当训练和测试来自不同分布的数据时,重要性抽样通常用于机器学习。在本文中,我们提出了一种重要性抽样的新变量,当训练和测试分布的支持不同时,可以数量级地减少重要性基于抽样估计的方差。在激励和呈现我们新的重要性抽样估计量之后,我们提供详细的理论分析,其特征在于其相对于普通重要性抽样估计量的偏差和方差(在各种设置中,包括普通重要性抽样偏差的情况,而我们的新评估者不是,反之亦然)。我们以一个例子说明我们的新重要性抽样估计量如何用于改善糖尿病的新治疗政策对个体的工作效果的估计,仅使用来自个体使用先前治疗策略的数据。
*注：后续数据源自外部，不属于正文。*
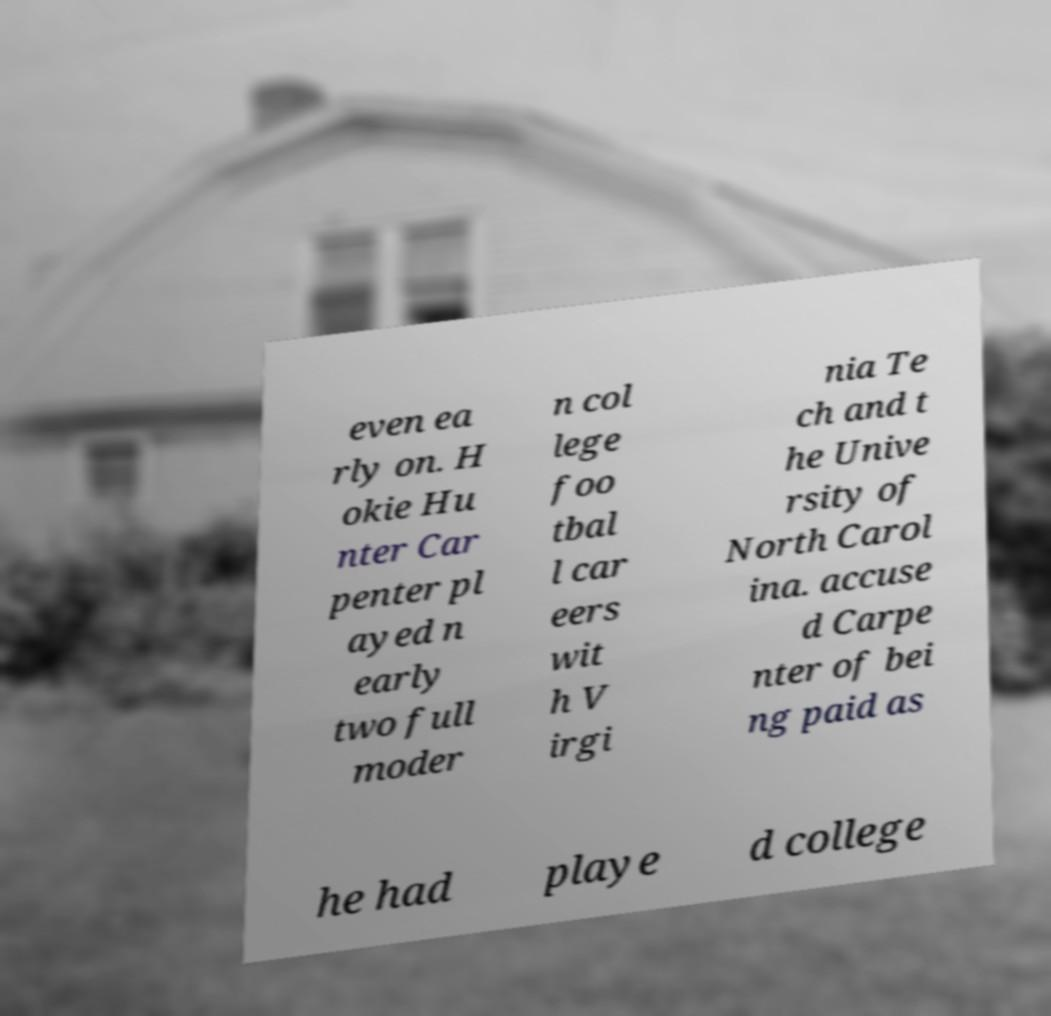I need the written content from this picture converted into text. Can you do that? even ea rly on. H okie Hu nter Car penter pl ayed n early two full moder n col lege foo tbal l car eers wit h V irgi nia Te ch and t he Unive rsity of North Carol ina. accuse d Carpe nter of bei ng paid as he had playe d college 
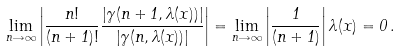<formula> <loc_0><loc_0><loc_500><loc_500>\lim _ { n \rightarrow \infty } \left | \frac { n ! } { ( n + 1 ) ! } \frac { \left | \gamma ( n + 1 , \lambda ( x ) ) \right | } { \left | \gamma ( n , \lambda ( x ) ) \right | } \right | = \lim _ { n \rightarrow \infty } \left | \frac { 1 } { ( n + 1 ) } \right | \lambda ( x ) = 0 \, .</formula> 
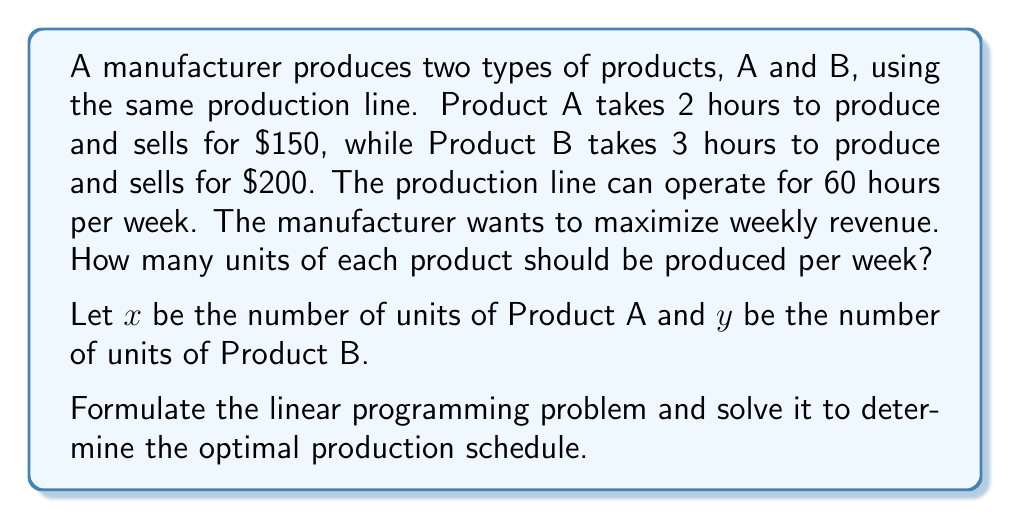Solve this math problem. 1. Formulate the objective function:
   Maximize revenue: $Z = 150x + 200y$

2. Identify constraints:
   Time constraint: $2x + 3y \leq 60$ (total production time cannot exceed 60 hours)
   Non-negativity: $x \geq 0$, $y \geq 0$

3. Graph the feasible region:
   [asy]
   import geometry;
   
   size(200);
   
   real xmax = 35;
   real ymax = 25;
   
   draw((0,0)--(xmax,0)--(xmax,ymax)--(0,ymax)--cycle);
   draw((0,20)--(30,0), blue);
   
   label("$2x + 3y = 60$", (15,10), NE, blue);
   label("$x$", (xmax,0), S);
   label("$y$", (0,ymax), W);
   label("(0,20)", (0,20), W);
   label("(30,0)", (30,0), S);
   
   dot((0,20));
   dot((30,0));
   [/asy]

4. Identify corner points:
   (0,0), (30,0), (0,20)

5. Evaluate objective function at corner points:
   At (0,0): $Z = 150(0) + 200(0) = 0$
   At (30,0): $Z = 150(30) + 200(0) = 4500$
   At (0,20): $Z = 150(0) + 200(20) = 4000$

6. The maximum value occurs at (30,0), which means producing 30 units of Product A and 0 units of Product B.
Answer: 30 units of Product A, 0 units of Product B 
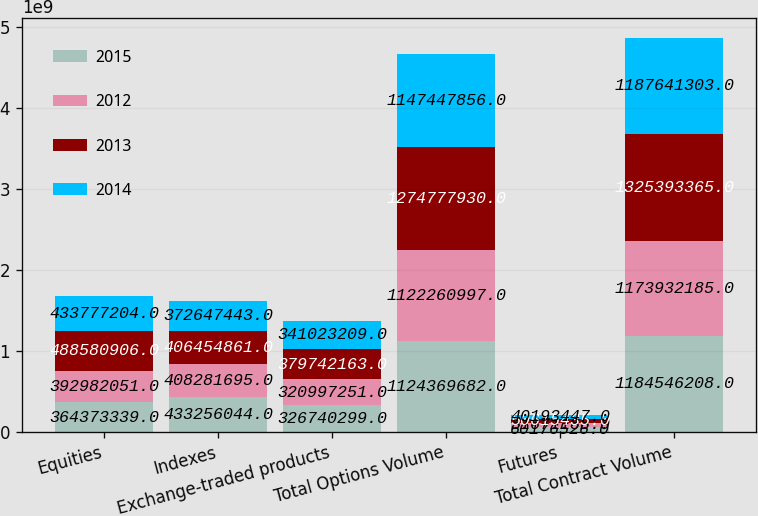Convert chart to OTSL. <chart><loc_0><loc_0><loc_500><loc_500><stacked_bar_chart><ecel><fcel>Equities<fcel>Indexes<fcel>Exchange-traded products<fcel>Total Options Volume<fcel>Futures<fcel>Total Contract Volume<nl><fcel>2015<fcel>3.64373e+08<fcel>4.33256e+08<fcel>3.2674e+08<fcel>1.12437e+09<fcel>6.01765e+07<fcel>1.18455e+09<nl><fcel>2012<fcel>3.92982e+08<fcel>4.08282e+08<fcel>3.20997e+08<fcel>1.12226e+09<fcel>5.16712e+07<fcel>1.17393e+09<nl><fcel>2013<fcel>4.88581e+08<fcel>4.06455e+08<fcel>3.79742e+08<fcel>1.27478e+09<fcel>5.06154e+07<fcel>1.32539e+09<nl><fcel>2014<fcel>4.33777e+08<fcel>3.72647e+08<fcel>3.41023e+08<fcel>1.14745e+09<fcel>4.01934e+07<fcel>1.18764e+09<nl></chart> 
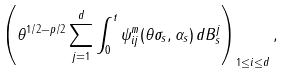Convert formula to latex. <formula><loc_0><loc_0><loc_500><loc_500>\left ( \theta ^ { 1 / 2 - p / 2 } \sum _ { j = 1 } ^ { d } \int _ { 0 } ^ { t } \psi _ { i j } ^ { m } ( \theta \sigma _ { s } , \alpha _ { s } ) \, d B ^ { j } _ { s } \right ) _ { 1 \leq i \leq d } ,</formula> 
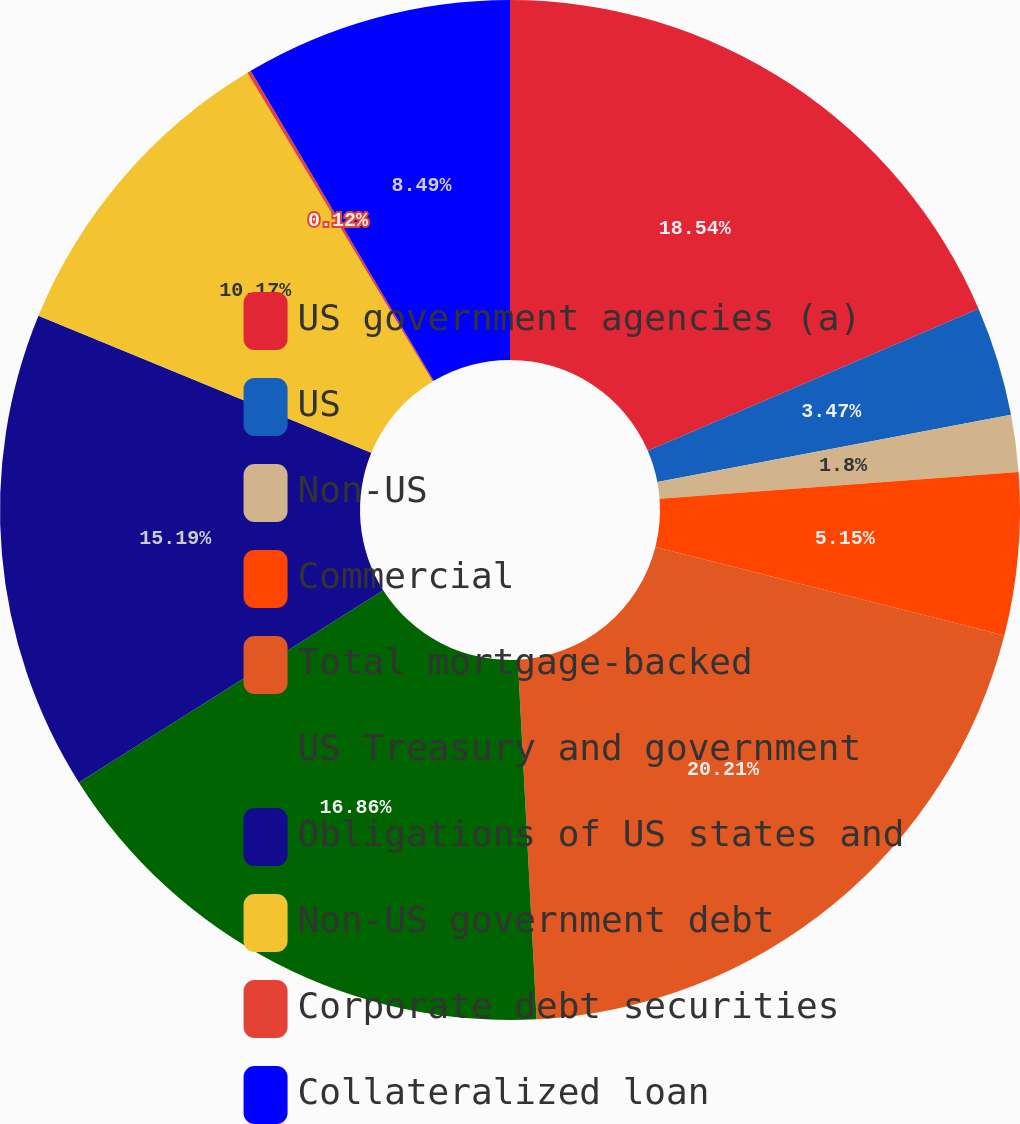Convert chart to OTSL. <chart><loc_0><loc_0><loc_500><loc_500><pie_chart><fcel>US government agencies (a)<fcel>US<fcel>Non-US<fcel>Commercial<fcel>Total mortgage-backed<fcel>US Treasury and government<fcel>Obligations of US states and<fcel>Non-US government debt<fcel>Corporate debt securities<fcel>Collateralized loan<nl><fcel>18.54%<fcel>3.47%<fcel>1.8%<fcel>5.15%<fcel>20.21%<fcel>16.86%<fcel>15.19%<fcel>10.17%<fcel>0.12%<fcel>8.49%<nl></chart> 
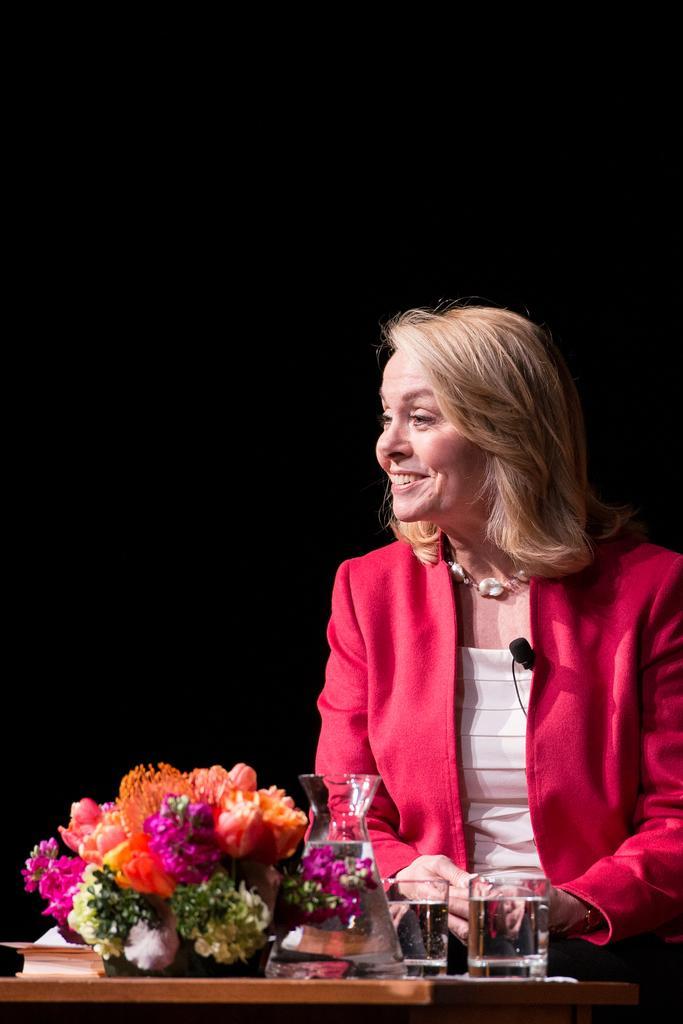Describe this image in one or two sentences. A beautiful woman is smiling, she wore red color coat. There are water glasses on this table and a bouquet of flowers.

SoK: Applying Machine Learning in Security - A Survey

Heju Jiang, Jasvir Nagra, Parvez Ahammad

The idea of applying machine learning(ML) to solve problems in security domains is almost 3 decades old. As information and communications grow more ubiquitous and more data become available, many security risks arise as well as appetite to manage and mitigate such risks. Consequently, research on applying and designing ML algorithms and systems for security has grown fast, ranging from intrusion detection systems(IDS) and malware classification to security policy management(SPM) and information leak checking. In this paper, we systematically study the methods, algorithms, and system designs in academic publications from 2008-2015 that applied ML in security domains. 98 percent of the surveyed papers appeared in the 6 highest-ranked academic security conferences and 1 conference known for pioneering ML applications in security. We examine the generalized system designs, underlying assumptions, measurements, and use cases in active research. Our examinations lead to 1) a taxonomy on ML paradigms and security domains for future exploration and exploitation, and 2) an agenda detailing open and upcoming challenges. Based on our survey, we also suggest a point of view that treats security as a game theory problem instead of a batch-trained ML problem.

SoK:在安全领域中应用机器学习—调查

应用机器学习(ML)解决安全领域中的问题的想法几乎已经有三十年了。随着信息和通信日益普及,有更多的数据可用,许多安全风险以及管理和减轻这些风险的欲望也在增长。因此,应用设计ML算法和安全系统的研究快速发展,从入侵检测系统(IDS)和恶意软件分类到安全策略管理(SPM)和信息泄漏检查。在本文中,我们系统地研究了2008-2015年在安全领域应用ML学术发表的方法、算法和系统设计。被调查的98%的论文出现在6个最高排名的学术安全会议和1个安全ML先驱应用程序会议中。我们检查了广义系统设计、基础假设、测量和活动研究中的用例。检查有二:1)对未来探索和利用ML范式和安全域的分类系统,2)详细说明开放和即将到来的挑战的议程。根据我们的调查,我们还提供了一个观点,把安全视为一个游戏理论问题,而不是批训练的ML问题。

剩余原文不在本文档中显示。